# Dataset records
* * *
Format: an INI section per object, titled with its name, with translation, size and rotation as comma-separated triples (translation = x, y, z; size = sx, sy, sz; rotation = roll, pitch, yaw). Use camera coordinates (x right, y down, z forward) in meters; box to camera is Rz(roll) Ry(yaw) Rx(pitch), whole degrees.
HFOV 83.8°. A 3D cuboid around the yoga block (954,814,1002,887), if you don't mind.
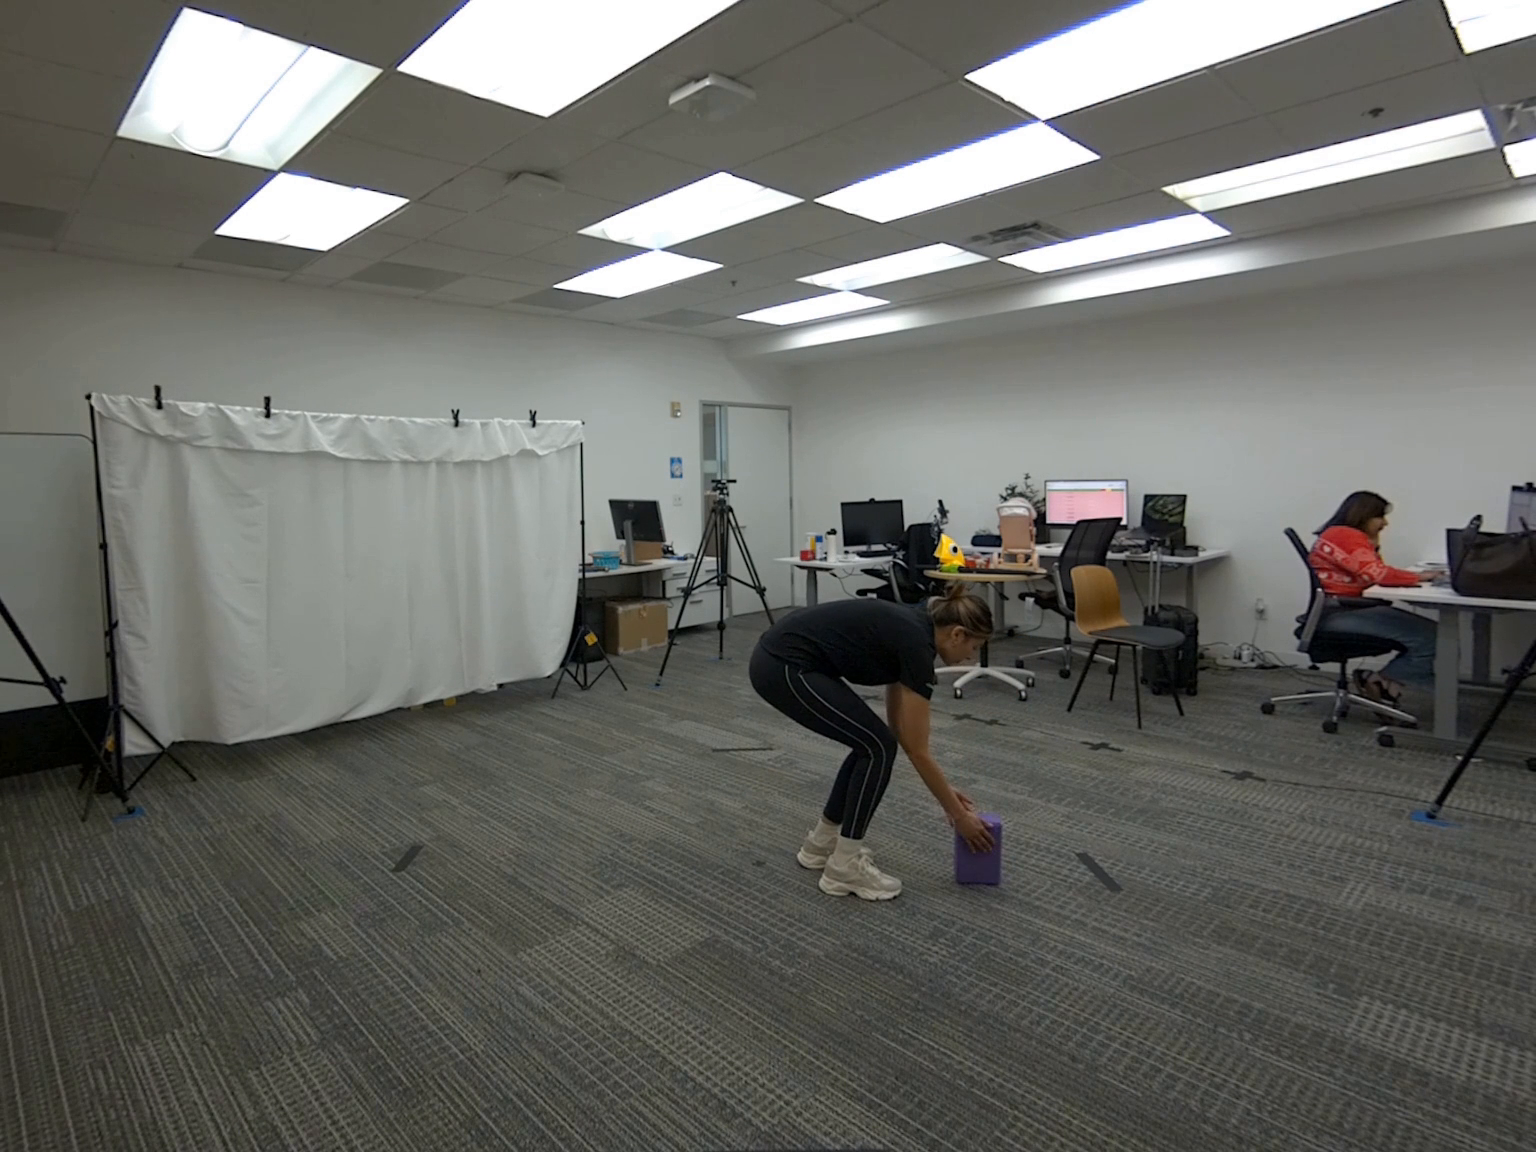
[yoga block]
translation = 0.726, 0.942, 2.935
size = 0.150, 0.228, 0.076
rotation = 2, 7, 6
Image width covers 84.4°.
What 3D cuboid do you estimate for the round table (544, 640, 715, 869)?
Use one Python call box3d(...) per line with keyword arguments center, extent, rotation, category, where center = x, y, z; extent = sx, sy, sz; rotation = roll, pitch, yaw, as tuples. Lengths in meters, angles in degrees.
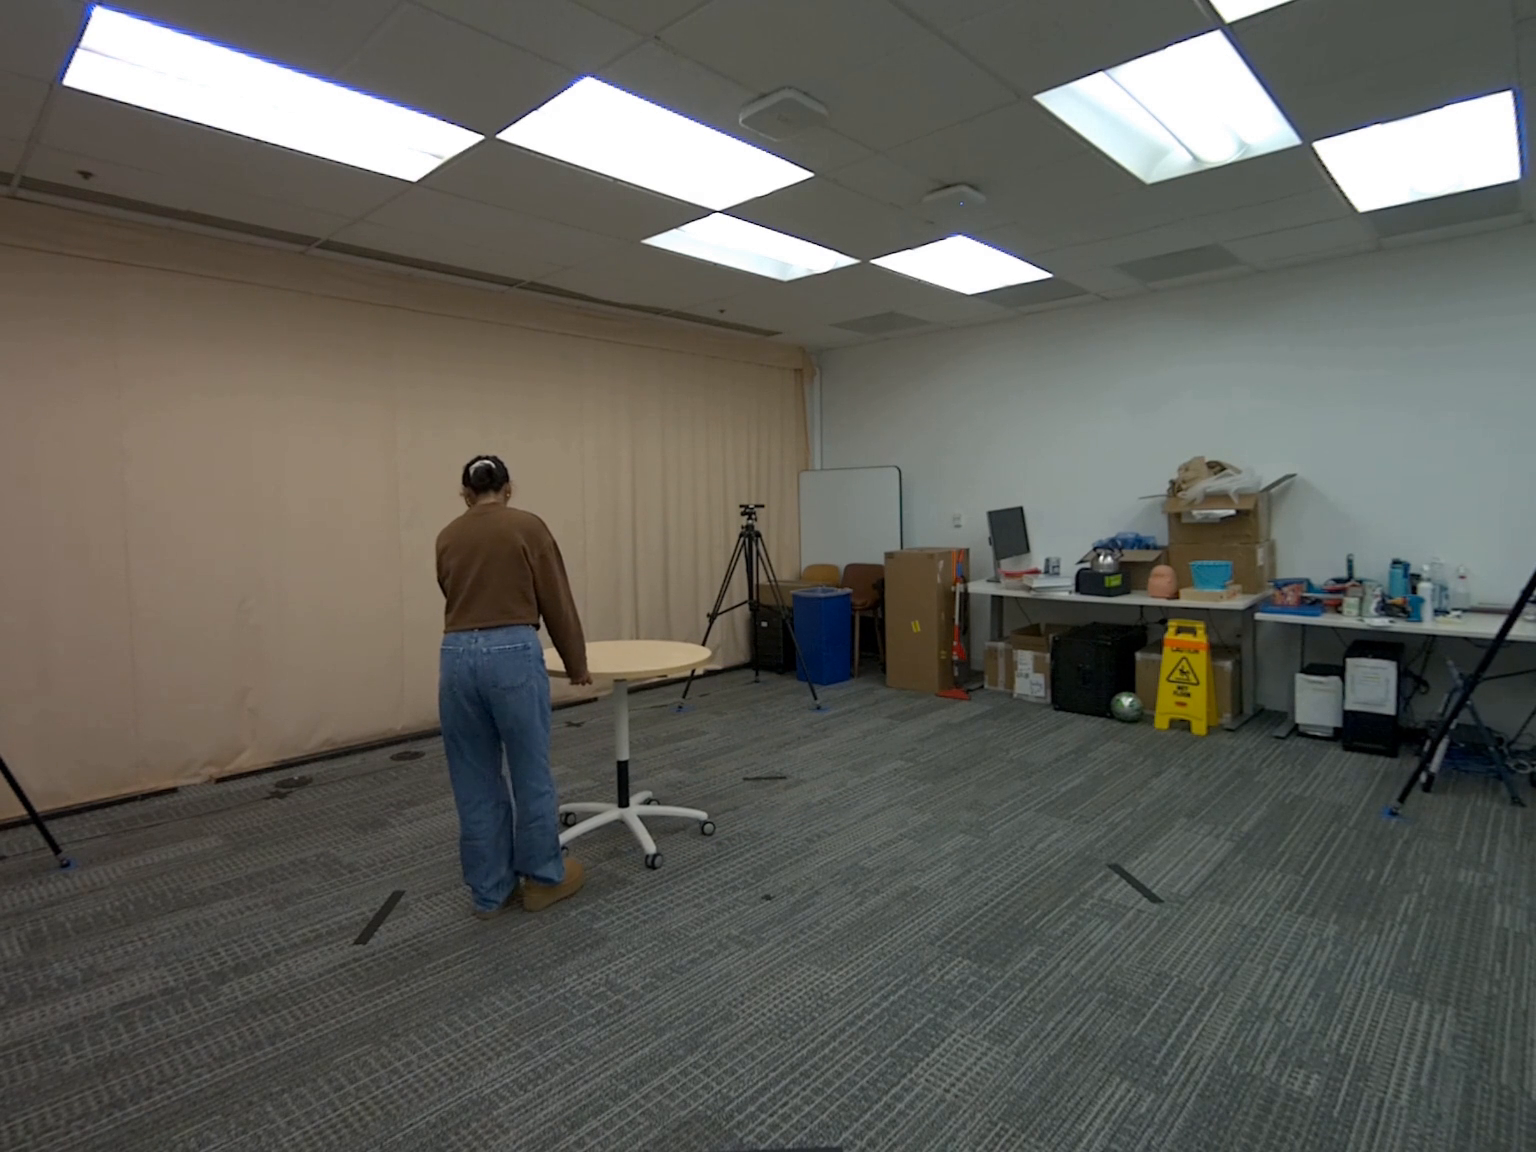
* * *
# YOUR ASSIGNMENT
Transcribe, from the records above, the first line and every line after it up to and including the line with "What 3D cuboid"; omit pictures.

# OUTPUT
Format: an INI section per object, titled with its name, with translation, size and rotation as comma-separated triples (translation = x, y, z; size = sx, sy, sz; rotation = roll, pitch, yaw). Use camera coordinates (x right, y down, z forward) in meters; box to camera is Rz(roll) Ry(yaw) Rx(pitch), whole degrees.
HFOV 83.8°. A 3D cuboid around the yoga block (954,814,1002,887), if you don't mind.
[yoga block]
translation = 0.726, 0.942, 2.935
size = 0.150, 0.228, 0.076
rotation = 2, 7, 6
Image width covers 84.4°.
What 3D cuboid do you estimate for the round table (544, 640, 715, 869)?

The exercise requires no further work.